The green jobs proposal is about as modest. It draws on the campaign's seemingly contrived economic development plan that proposes to divide the state into three sections, "[categorizing] the state's 92 counties into three different economic tiers based on a variety of factors and then allocate different tax incentives as a way to create jobs all across the state, focusing on areas in greatest need of economic revitalization." It shuttles state incentives not to where companies want to build, but to counties that satisfy a need-based formula including unemployment rate, median household income, population growth and assessed property value per capita. Thompson announced that if "green" companies—what a green job is, she admits, she hasn't defined—decided to build in counties with the requisite tier designation, they could receive additional tax breaks.

Thompson's other proposals include reducing school testing requirements, but not by modifying the state's I-STEP testing.

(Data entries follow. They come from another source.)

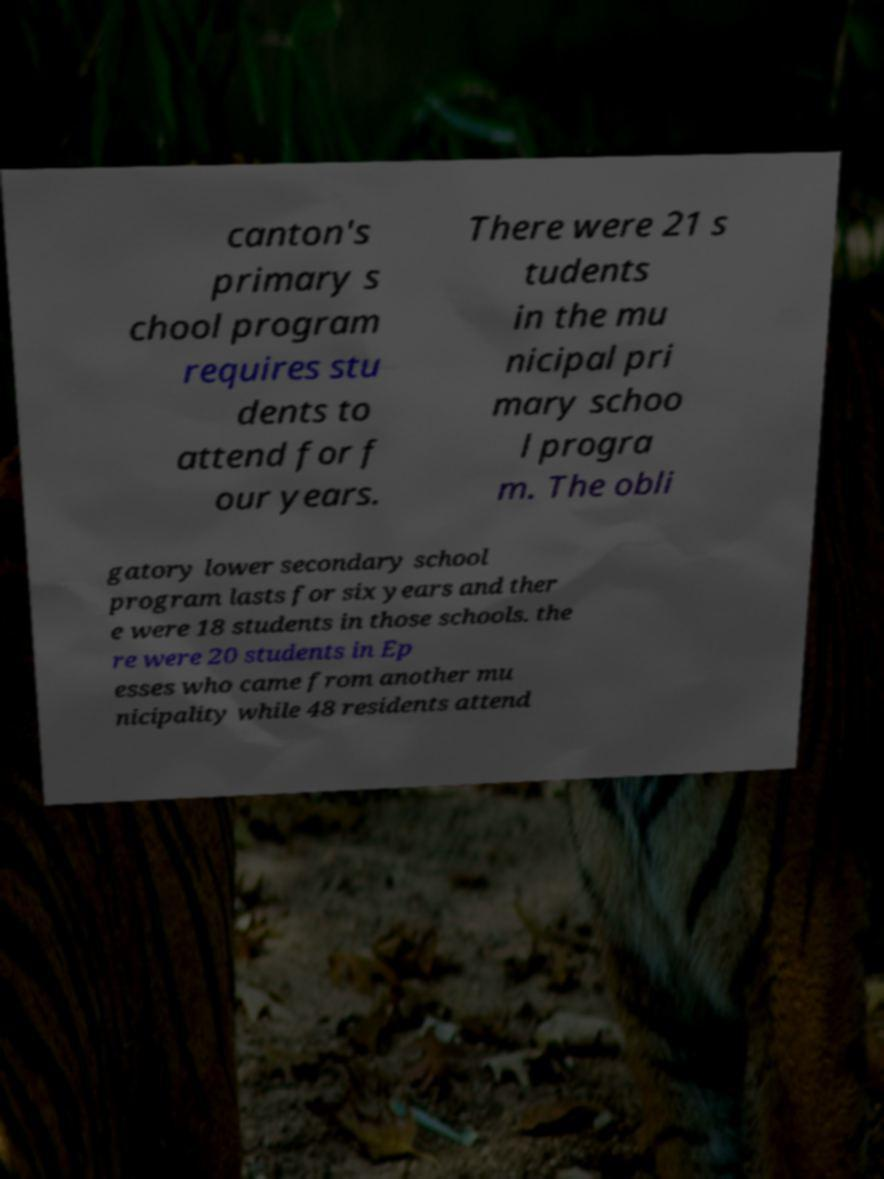What messages or text are displayed in this image? I need them in a readable, typed format. canton's primary s chool program requires stu dents to attend for f our years. There were 21 s tudents in the mu nicipal pri mary schoo l progra m. The obli gatory lower secondary school program lasts for six years and ther e were 18 students in those schools. the re were 20 students in Ep esses who came from another mu nicipality while 48 residents attend 
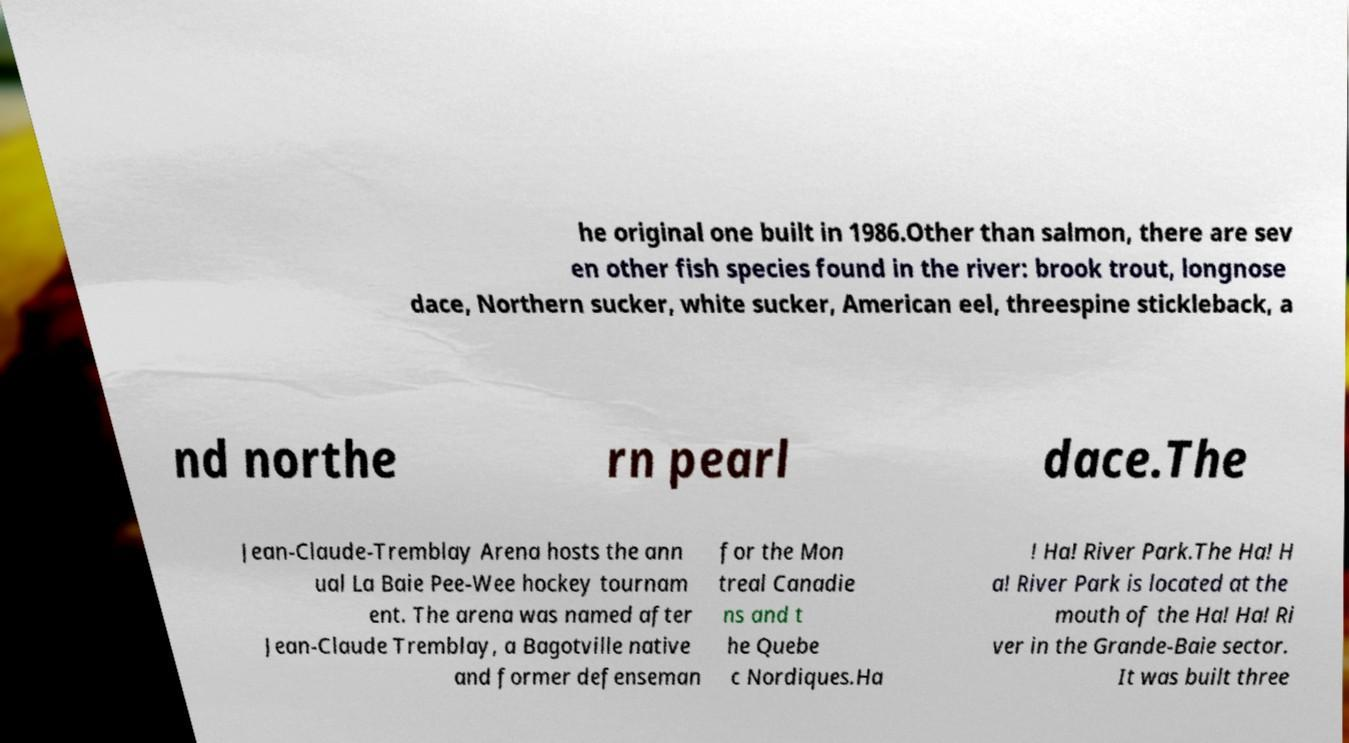Could you extract and type out the text from this image? he original one built in 1986.Other than salmon, there are sev en other fish species found in the river: brook trout, longnose dace, Northern sucker, white sucker, American eel, threespine stickleback, a nd northe rn pearl dace.The Jean-Claude-Tremblay Arena hosts the ann ual La Baie Pee-Wee hockey tournam ent. The arena was named after Jean-Claude Tremblay, a Bagotville native and former defenseman for the Mon treal Canadie ns and t he Quebe c Nordiques.Ha ! Ha! River Park.The Ha! H a! River Park is located at the mouth of the Ha! Ha! Ri ver in the Grande-Baie sector. It was built three 
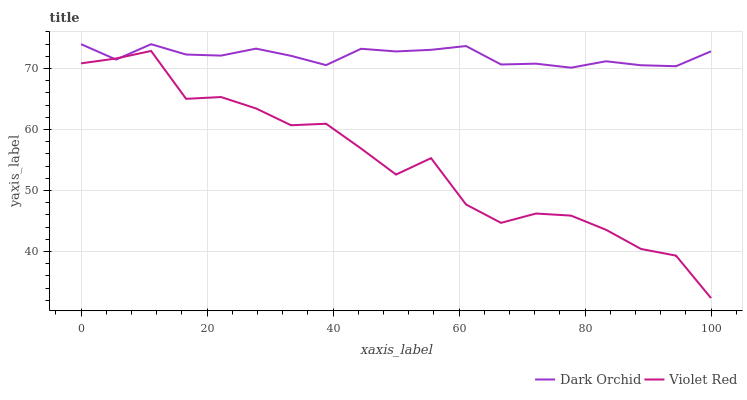Does Dark Orchid have the minimum area under the curve?
Answer yes or no. No. Is Dark Orchid the roughest?
Answer yes or no. No. Does Dark Orchid have the lowest value?
Answer yes or no. No. 
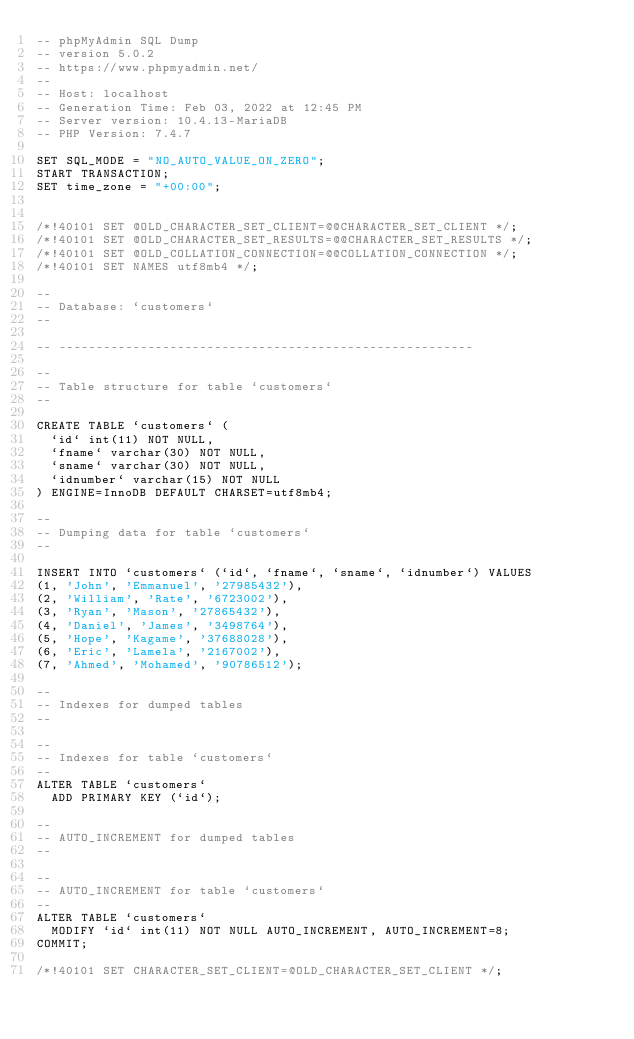<code> <loc_0><loc_0><loc_500><loc_500><_SQL_>-- phpMyAdmin SQL Dump
-- version 5.0.2
-- https://www.phpmyadmin.net/
--
-- Host: localhost
-- Generation Time: Feb 03, 2022 at 12:45 PM
-- Server version: 10.4.13-MariaDB
-- PHP Version: 7.4.7

SET SQL_MODE = "NO_AUTO_VALUE_ON_ZERO";
START TRANSACTION;
SET time_zone = "+00:00";


/*!40101 SET @OLD_CHARACTER_SET_CLIENT=@@CHARACTER_SET_CLIENT */;
/*!40101 SET @OLD_CHARACTER_SET_RESULTS=@@CHARACTER_SET_RESULTS */;
/*!40101 SET @OLD_COLLATION_CONNECTION=@@COLLATION_CONNECTION */;
/*!40101 SET NAMES utf8mb4 */;

--
-- Database: `customers`
--

-- --------------------------------------------------------

--
-- Table structure for table `customers`
--

CREATE TABLE `customers` (
  `id` int(11) NOT NULL,
  `fname` varchar(30) NOT NULL,
  `sname` varchar(30) NOT NULL,
  `idnumber` varchar(15) NOT NULL
) ENGINE=InnoDB DEFAULT CHARSET=utf8mb4;

--
-- Dumping data for table `customers`
--

INSERT INTO `customers` (`id`, `fname`, `sname`, `idnumber`) VALUES
(1, 'John', 'Emmanuel', '27985432'),
(2, 'William', 'Rate', '6723002'),
(3, 'Ryan', 'Mason', '27865432'),
(4, 'Daniel', 'James', '3498764'),
(5, 'Hope', 'Kagame', '37688028'),
(6, 'Eric', 'Lamela', '2167002'),
(7, 'Ahmed', 'Mohamed', '90786512');

--
-- Indexes for dumped tables
--

--
-- Indexes for table `customers`
--
ALTER TABLE `customers`
  ADD PRIMARY KEY (`id`);

--
-- AUTO_INCREMENT for dumped tables
--

--
-- AUTO_INCREMENT for table `customers`
--
ALTER TABLE `customers`
  MODIFY `id` int(11) NOT NULL AUTO_INCREMENT, AUTO_INCREMENT=8;
COMMIT;

/*!40101 SET CHARACTER_SET_CLIENT=@OLD_CHARACTER_SET_CLIENT */;</code>

Instead, according to campaign manager Travis Lowe, Thompson will exercise "regional and national leadership" to reform the federal No Child Left Behind law—a hollow proposal far more concerned with politics than policy. Others are as gauzy as her pledge to "work to encourage Indiana businesses to hire returning [military] service personnel."

A government reform initiative calls for a "sweeping" overhaul of campaign finance in Indiana, proposing that the political campaign contributions of limited liability companies to be capped at $5,000 annually. Last quarter, Governor Daniels's campaign took in $115,442.33 from LLCs, compared to the $31,970 Thompson's campaign received. Thompson's plan makes no mention of contributions from labor unions, despite—or perhaps because of—the $700,000 she received from a single source, the Service Employees International Union, last quarter.

At the green jobs press conference, Thompson continued to emphasize her reliance on incentives. "These are not just goals," she said. "This is a clear plan of action."

Thompson communications director Jeff Harris said the state "needs to be smarter about how we spend tax dollars. If we can reprioritize some of the existing assets, both of these proposals focus on helping individual working families and their bottom lines."

But none of this smacks of the kind of big ideas needed to truly transform Indiana's economy. Half of the 21st Century Research & Technology Fund will be diverted to fund the green proposal, sapping eighteen million dollars primarily from the state's burgeoning life sciences industry.

All of this to pay for a gas tax suspension universally panned as hyper populist, gimmicky, and economically empty? Even Thompson's occasionally meaningful proposals have a way of being stained by the meaningless political ones. Gas tanks aren't the only things running on empty this summer.